The president of the French Football Federation (FFF) and the general manager of the Paris Saint-Germain club are summoned, on Friday, to the Ministry of the Interior after the display of a pro-Palestine banner on Wednesday at the Parc des Princes by the supporters of the Parisian club, an action that will not but be sanctioned by the European Football Union (UEFA), informs AFP.
Philippe Diallo, the president of the FFF, and Victoriano Melero, the general director of PSG, “will be received by Othman Nasrou”, secretary of state responsible for the fight against discrimination within the ministry, according to a press release from the cabinet.
“UEFA’s disciplinary regulations prohibit the broadcasting of political messages of a provocative nature in stadiums,” writes Nasrou in a letter addressed to the FFF and PSG.
At the same time, UEFA will not initiate any disciplinary proceedings against the Paris Saint-Germain club for the pro-Palestinian message displayed by its supporters on Wednesday evening, before the match with Atletico Madrid in the Champions League, according to the continental football forum.
“There will be no disciplinary action, as the displayed banner cannot be considered provocative or insulting in this particular case,” the UEFA spokesperson clarified.
Article 16.4 of the disciplinary regulation of the European body allows the sanctioning of “any provocative message inappropriate for a sporting event” and in particular “any provocative message of a political, ideological, religious or insulting nature”.

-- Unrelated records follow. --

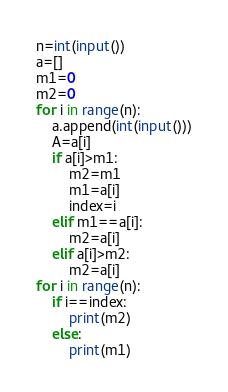Convert code to text. <code><loc_0><loc_0><loc_500><loc_500><_Python_>n=int(input())
a=[]
m1=0
m2=0
for i in range(n):
    a.append(int(input()))
    A=a[i]
    if a[i]>m1:
        m2=m1
        m1=a[i]
        index=i
    elif m1==a[i]:
        m2=a[i]
    elif a[i]>m2:
        m2=a[i]
for i in range(n):
    if i==index:
        print(m2)
    else:
        print(m1)</code> 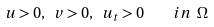Convert formula to latex. <formula><loc_0><loc_0><loc_500><loc_500>u > 0 , \ v > 0 , \ u _ { t } > 0 \quad i n \ \Omega</formula> 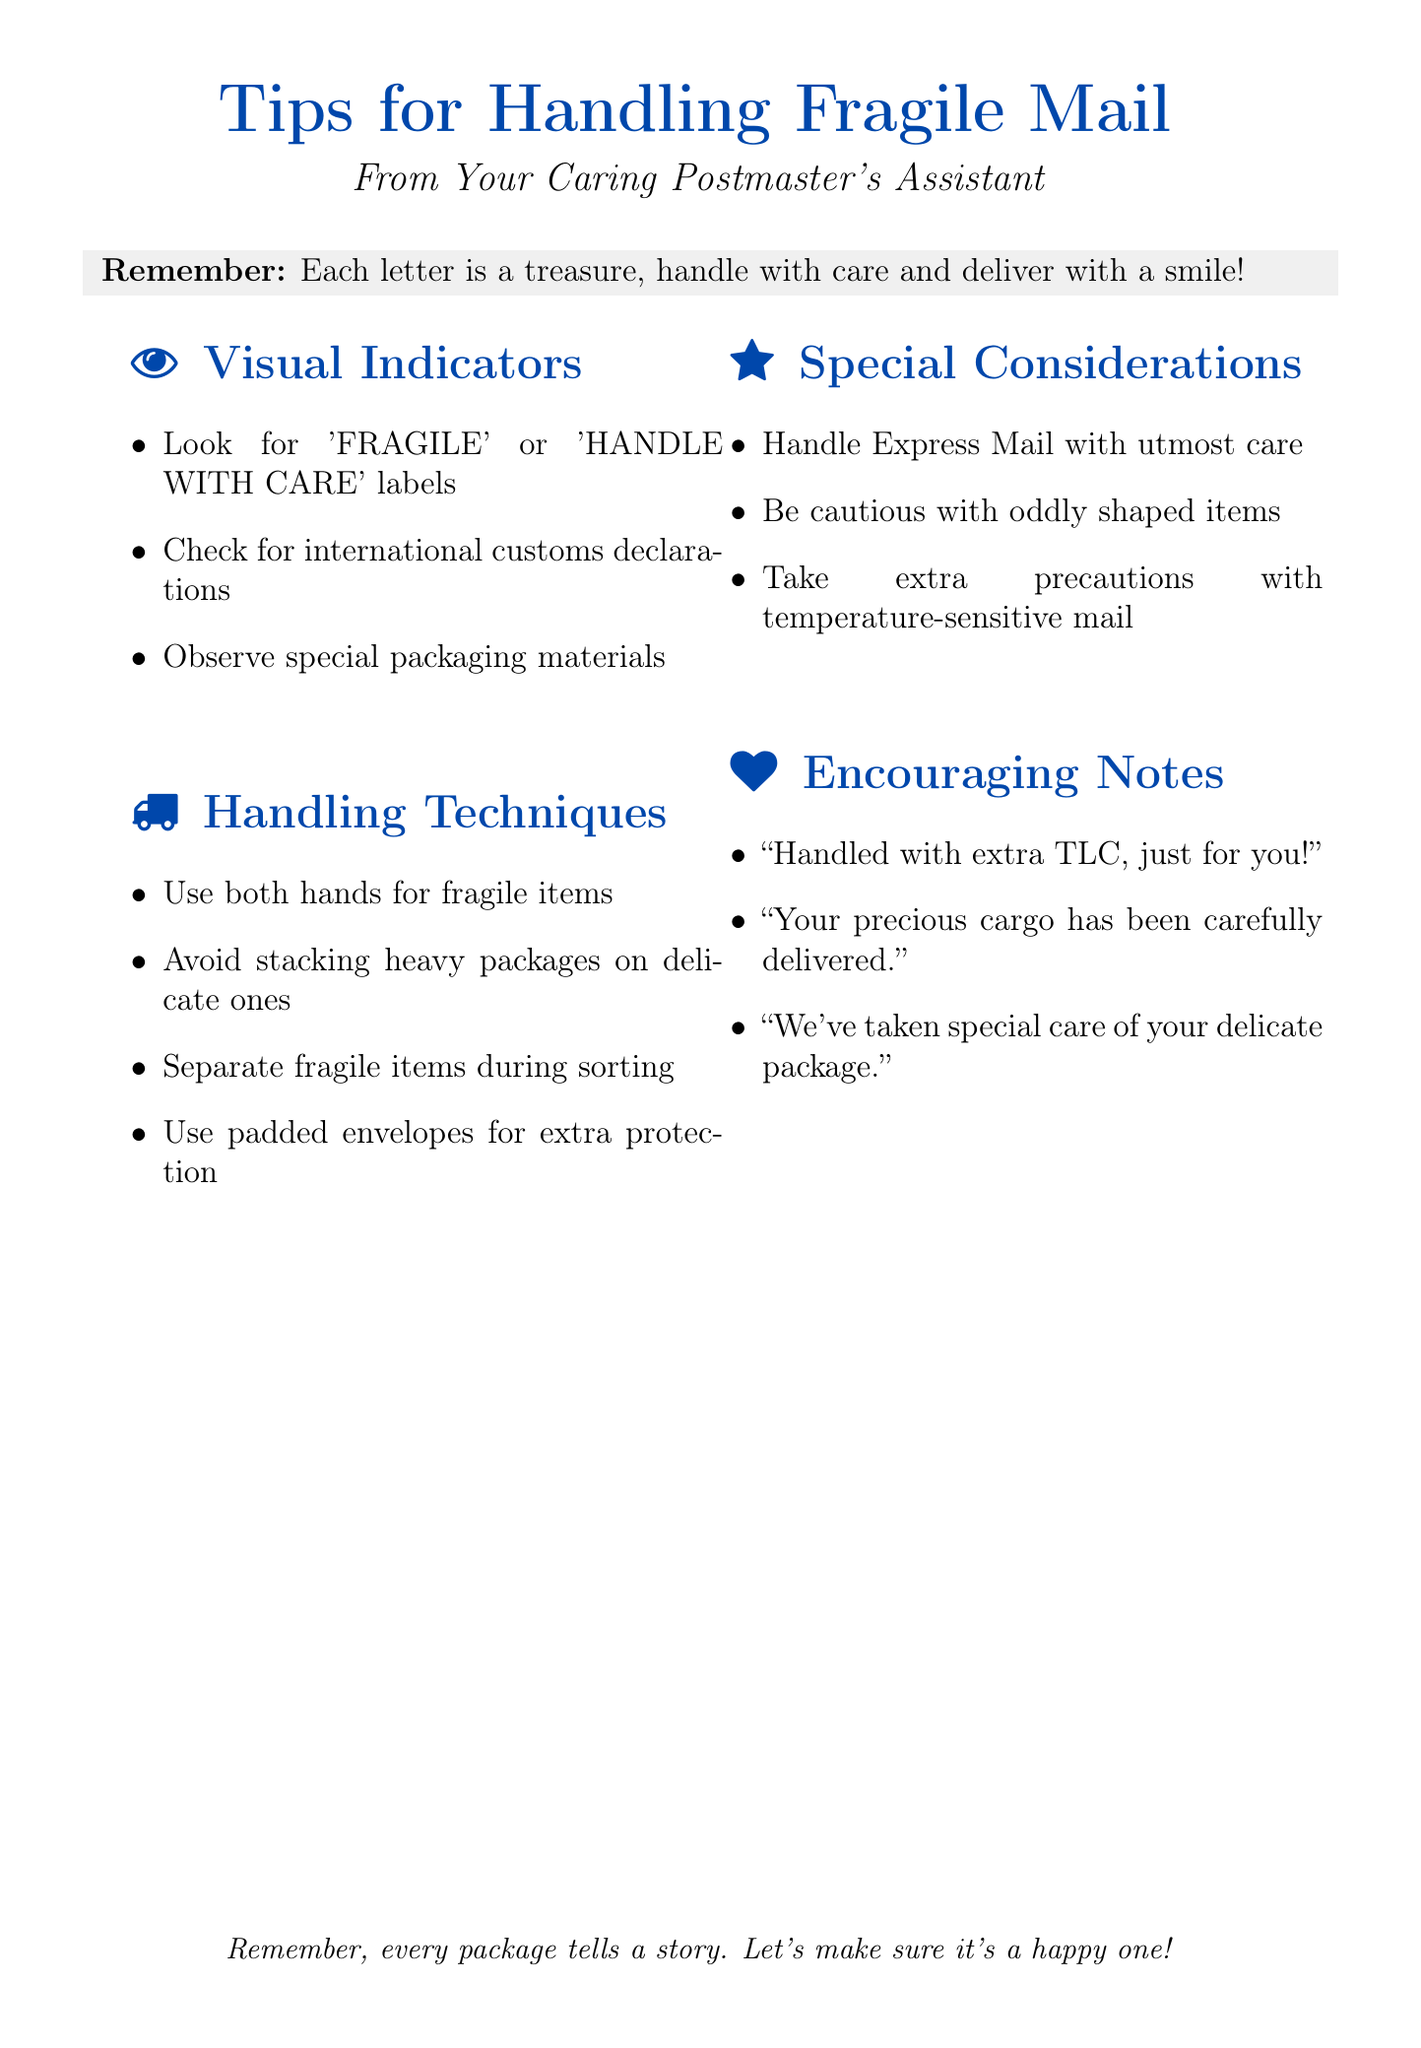What are the visual indicators for fragile mail? The visual indicators list includes labels such as 'FRAGILE' or 'HANDLE WITH CARE', customs declarations, and special packaging materials.
Answer: 'FRAGILE' or 'HANDLE WITH CARE' labels, customs declarations, special packaging materials How should fragile items be carried? The handling techniques recommend using both hands when carrying fragile items.
Answer: Both hands What should you avoid doing with delicate packages? A key handling technique advises avoiding stacking heavy packages on top of delicate ones.
Answer: Stacking heavy packages What types of mail require utmost care? The special considerations section specifies that Express Mail and Priority Mail Express require utmost care.
Answer: Express Mail and Priority Mail Express What encouraging note can be added for fragile items? One of the encouraging notes states, "Handled with extra TLC, just for you!"
Answer: "Handled with extra TLC, just for you!" How many points are listed under Handling Techniques? There are four handling techniques listed under that section of the document.
Answer: Four What materials should be observed for identifying fragile mail? The document suggests observing packaging materials like bubble wrap, foam peanuts, or corrugated cardboard.
Answer: Bubble wrap, foam peanuts, corrugated cardboard What is the purpose of the document? The document provides tips for identifying and handling fragile or sensitive mail with extra care.
Answer: Tips for identifying and handling fragile or sensitive mail What is included in the section on Special Considerations? The section on Special Considerations includes handling guidelines for oddly shaped items and temperature-sensitive mail.
Answer: Oddly shaped items, temperature-sensitive mail 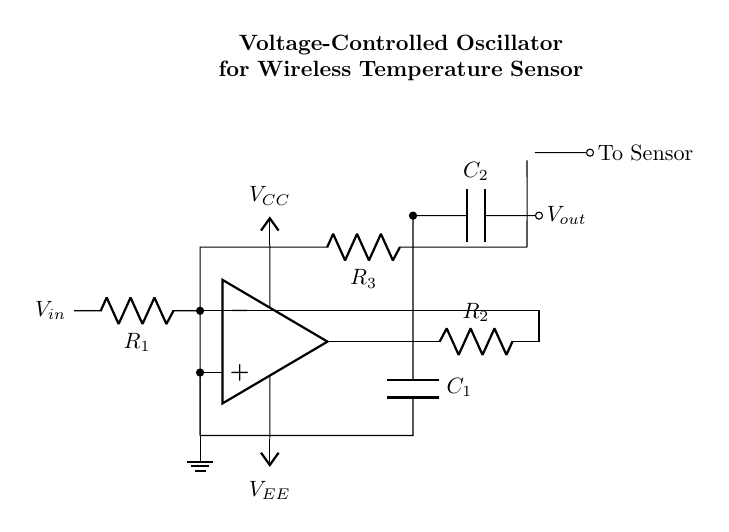What type of oscillator is this circuit? This circuit is a voltage-controlled oscillator, as indicated by the term "VCO" in the title. It generates oscillations where the frequency is controlled by an input voltage.
Answer: Voltage-controlled oscillator What is the purpose of the thermistor in the circuit? The thermistor serves as a temperature sensor to provide temperature readings to the oscillator circuit, influencing its frequency output based on temperature changes.
Answer: Temperature sensor What is the value of the capacitor connected to the output? The value of the capacitor connected to the output is labeled as C2 in the diagram, and it is responsible for coupling the output signal.
Answer: C2 How does the voltage supply affect the circuit? The circuit uses two voltage supplies: VCC for positive voltage and VEE for negative voltage, allowing the op-amp to function properly and drive the oscillator based on input conditions.
Answer: Power supply Which component provides feedback to the oscillator? The feedback to the oscillator is provided through the resistor R2, which connects the output back to the inverting input of the op-amp, forming a feedback loop essential for oscillation.
Answer: Resistor R2 What is the role of capacitor C1 in the circuit? Capacitor C1 is involved in the timing characteristics of the oscillator, influencing the frequency of oscillation along with resistors R1 and R2.
Answer: Timing component

It therefore does not ban all political proclamations from football stadiums, but only those deemed “provocative” or offensive, a criterion applied to, for example, homophobic banners and chants, as well as the monkey chants of Hungarian supporters during EURO 2020, emphasizes AFP.
At the Parc des Princes on Wednesday night, PSG’s ultra supporters unfurled a huge banner reading “Free Palestine” around the Paris team’s red and blue colors, with a bloodied Palestinian flag, the flag of Lebanon, Jerusalem, tanks or a person who wears a kefieh.
The huge canvas with drawings, which covered the entire Auteuil lawn, had a banner on top that read: “War on earth, but peace in the world”.
The French club assured in a statement that it had “no knowledge of the plan to display such a message” and specified that it is “firmly opposed to any message of a political nature in its stadium”.